Some of Trump’s aides immediately insisted to reporters that the President hadn’t dismissed Tillerson because of the Russia statement. Citing multiple White House officials, the Washington Post reported that the White House informed the Secretary of State on Friday that he was going to be ousted. Zeke Miller, of the Associated Press, subsequently filled out this narrative, reporting via Twitter, “WH official says chief of staff John Kelly called Tillerson Friday and again on Saturday. Both calls to Tillerson, the official says, warned that Trump was about to take imminent action if he did not step aside. When Tillerson didn’t act, Trump fired him.” In brief remarks to reporters, Trump said he had been thinking about replacing Tillerson for “a long time,” because “We were not thinking the same.” He also said Tillerson “will be much happier now.”

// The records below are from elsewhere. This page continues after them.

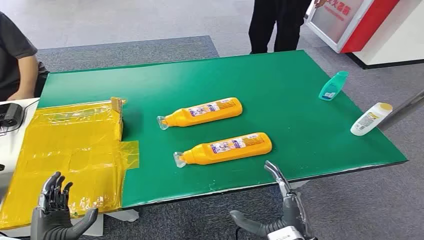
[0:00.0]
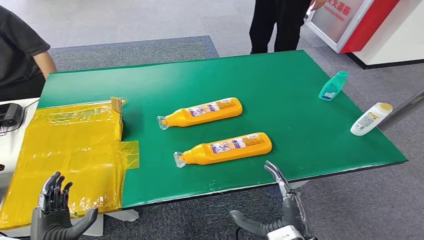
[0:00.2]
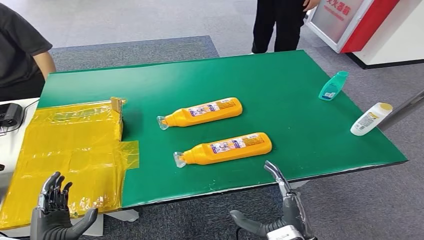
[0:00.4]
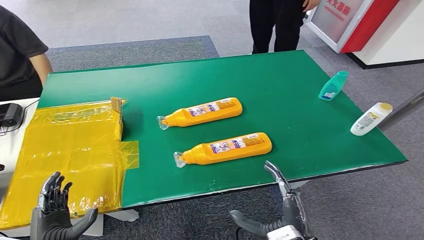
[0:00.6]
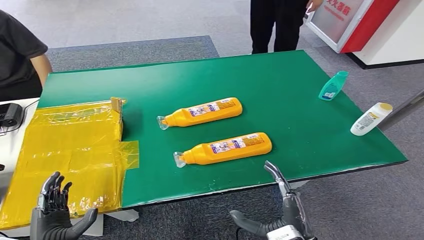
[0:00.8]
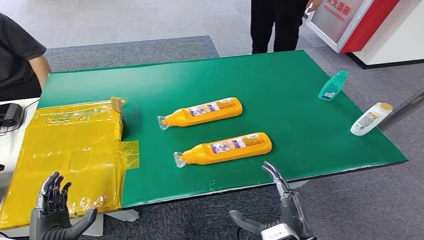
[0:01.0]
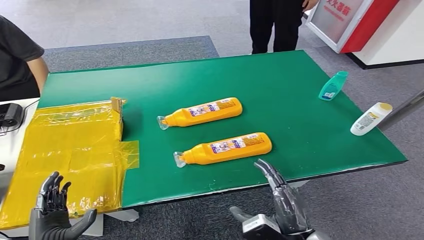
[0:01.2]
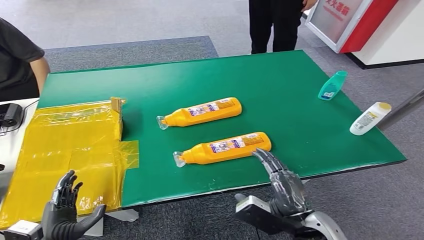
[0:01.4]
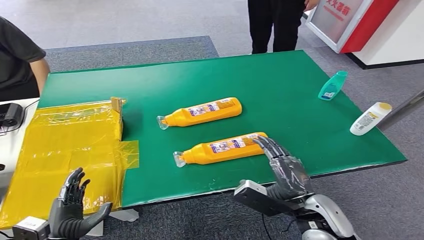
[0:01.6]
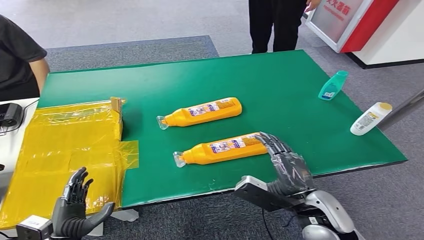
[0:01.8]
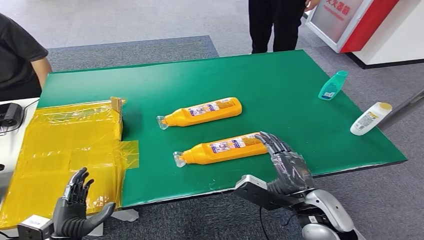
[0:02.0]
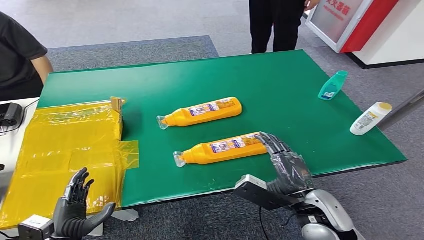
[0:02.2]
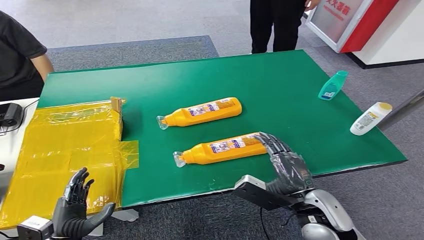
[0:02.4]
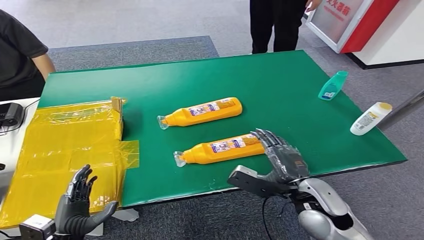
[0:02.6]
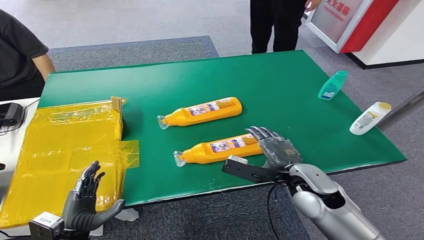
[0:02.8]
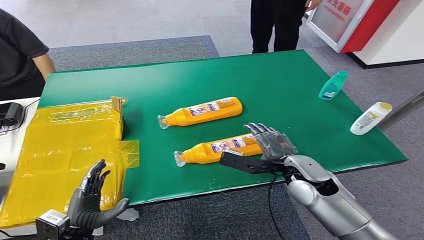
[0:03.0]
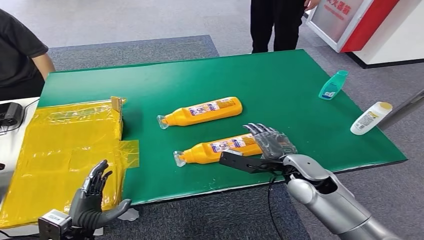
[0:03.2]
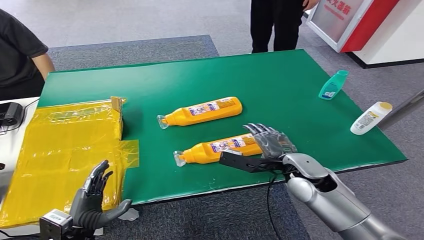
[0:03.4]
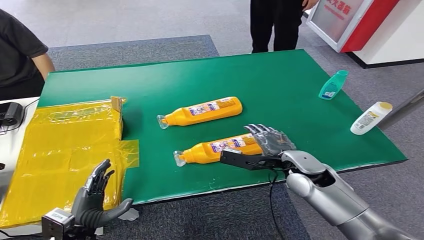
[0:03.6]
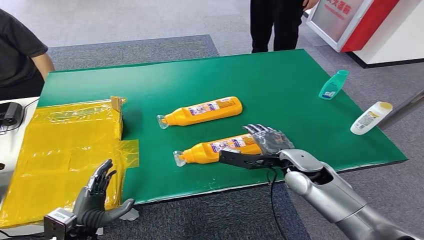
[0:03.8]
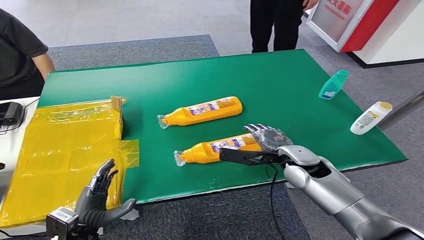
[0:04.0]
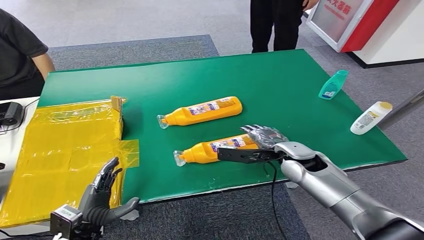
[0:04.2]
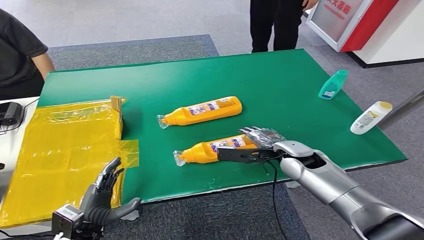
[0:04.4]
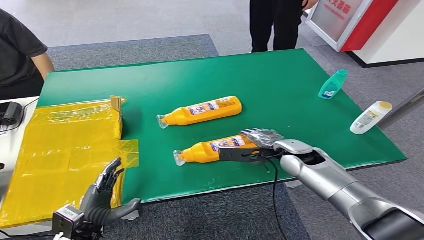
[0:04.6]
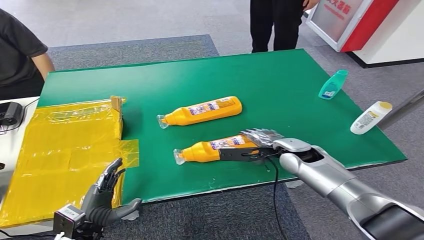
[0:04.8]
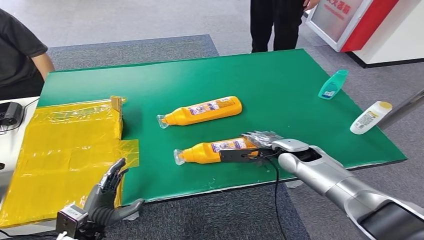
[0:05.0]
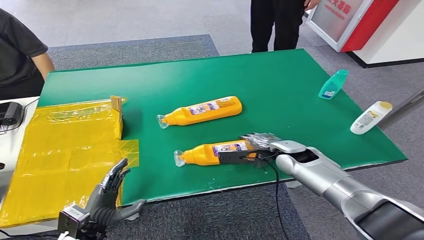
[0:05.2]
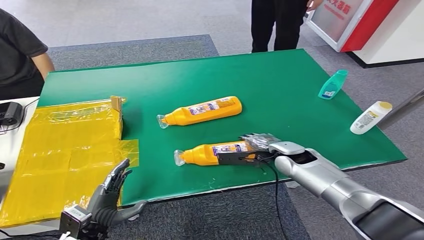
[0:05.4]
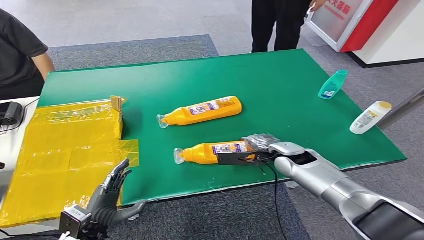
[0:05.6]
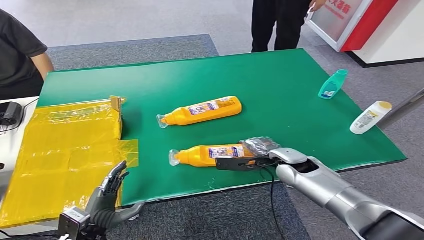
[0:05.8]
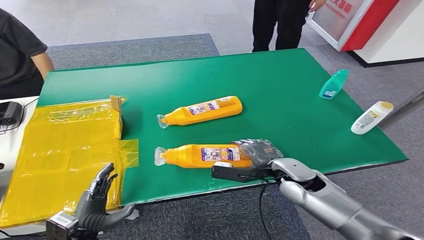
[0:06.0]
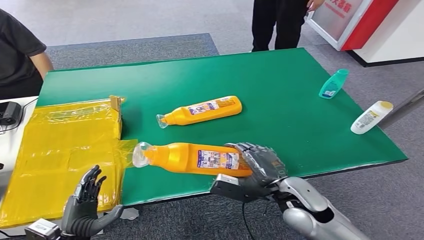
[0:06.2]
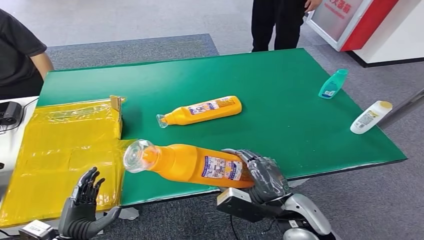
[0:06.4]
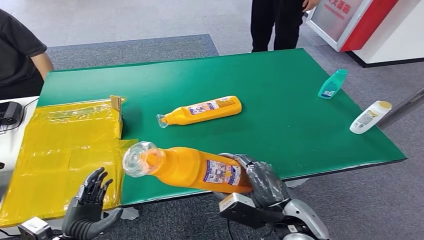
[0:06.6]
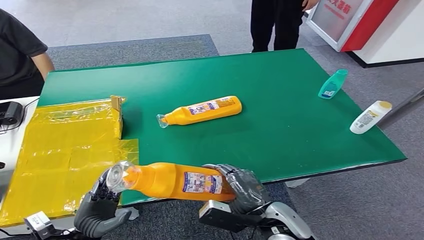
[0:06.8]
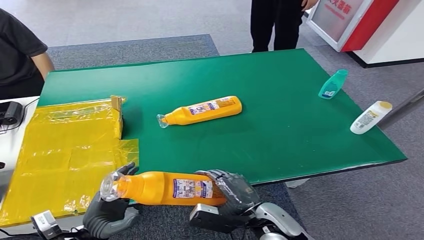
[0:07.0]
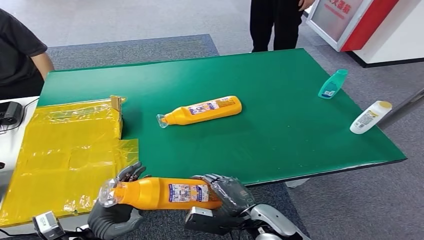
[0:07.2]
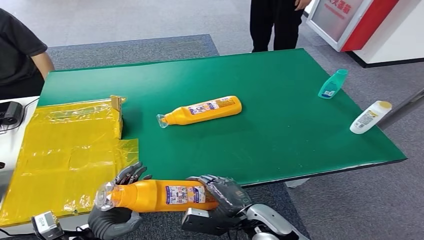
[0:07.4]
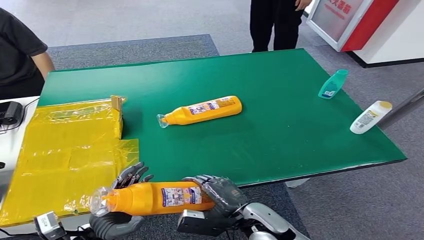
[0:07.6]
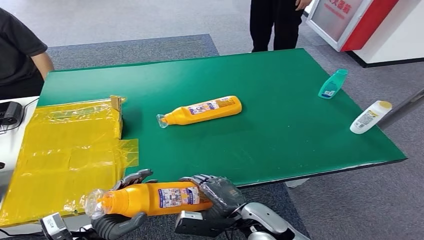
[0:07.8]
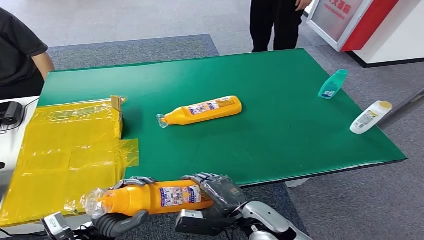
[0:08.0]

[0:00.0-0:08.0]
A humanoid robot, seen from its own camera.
Step, 0:00.0 to 0:06.6: Pick up the bottle from the table.
0:01.6 to 0:03.2: The right hand is displaced forward by roughly 10 cm.
0:03.2 to 0:04.8: The right hand goes roughly 5 cm forward.
0:04.8 to 0:06.4: The right hand goes approximately 20 cm backward.
0:06.4 to 0:08.0: The left hand is displaced to the right by some 5 cm, while the right hand shifts approximately 10 cm to the left and downward.

At least one of Tillerson’s aides pushed back against this White House narrative, however. Elise Labott, CNN’s global-affairs correspondent, reported that Tillerson only found out from Trump’s tweet that he was fired. Josh Lederman, of the A.P., reported, via Twitter, “We got off the plane with Tillerson less than four hours ago. There was zero indication on flight home that this was imminent.” The White House reacted quickly to this counter-narrative. By early afternoon, the White House had fired the aide, Steve Goldstein, who contradicted its version of what had happened.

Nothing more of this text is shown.